Figure 2. A 1-dimensional, non-convex objective function, which uses a simple gradient descent method to be ineffective. When the number of noise is large, the SGD algorithm can be explored to avoid saddle point and local minimum extremum point. When the amount of noise is annealed to near 0 o'clock, the SGD algorithm can eventually converge to a local extremum point x*.

The annealing process is correlated with the SNR (Signal to Noise Ratio, SNR), where the SNR can be defined as the ratio of the signal to the noise variance:



If the SNR tends to be 0, the model is randomly explored (there is no so-called gradient descent trend). As the annealing process, the SNR will gradually increase (noise variance reduction), and when the noise variance converges to 0 o'clock, the only noise source in the training exploration is the random gradient of Monte Carlo estimation.
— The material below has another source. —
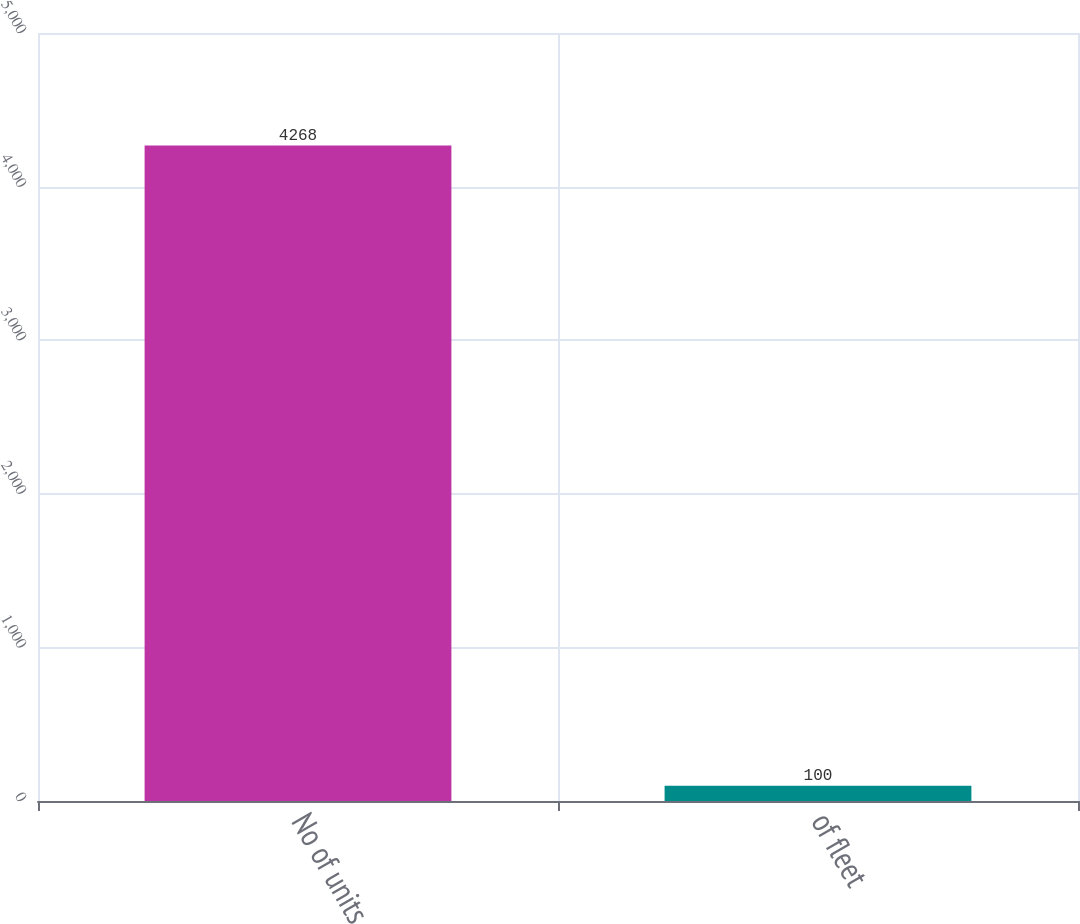Convert chart to OTSL. <chart><loc_0><loc_0><loc_500><loc_500><bar_chart><fcel>No of units<fcel>of fleet<nl><fcel>4268<fcel>100<nl></chart>

In previous studies, there were just a few methods, such as simulated annealing (Kirkpatrick et al., 1983) and Continuation methods (Allgower & Georg, 1980), in the above mentioned excellent The goal of non-convex package is very helpful to us. Even with a lot of noise, SGD is free to explore more parameter spaces. As the noise decreases, it tends to stay where the signal strength is enough to be sensed by SGD: Given the limited SGD iteration step, the noise is unevenly distributed and its variance dominates the range. SGD then spends more time in a global, better-than-optimal parameter space. When the noise is close to 0 o'clock, it is equivalent to our solution in fine tuning (fine-tuning) and the noise-free objective function that converges to the least loss.

Later chapters, to be continued ~ ~ ~

"Noisy Activation function" noise activation functions (I.)

Contact Us

The content source of this page is from Internet, which doesn't represent Alibaba Cloud's opinion; products and services mentioned on that page don't have any relationship with Alibaba Cloud. If the content of the page makes you feel confusing, please write us an email, we will handle the problem within 5 days after receiving your email.

If you find any instances of plagiarism from the community, please send an email to: info-contact@alibabacloud.com and provide relevant evidence. A staff member will contact you within 5 working days.

A Free Trial That Lets You Build Big!

Start building with 50+ products and up to 12 months usage for Elastic Compute Service

  • Sales Support

    1 on 1 presale consultation

  • After-Sales Support

    24/7 Technical Support 6 Free Tickets per Quarter Faster Response

  • Alibaba Cloud offers highly flexible support services tailored to meet your exact needs.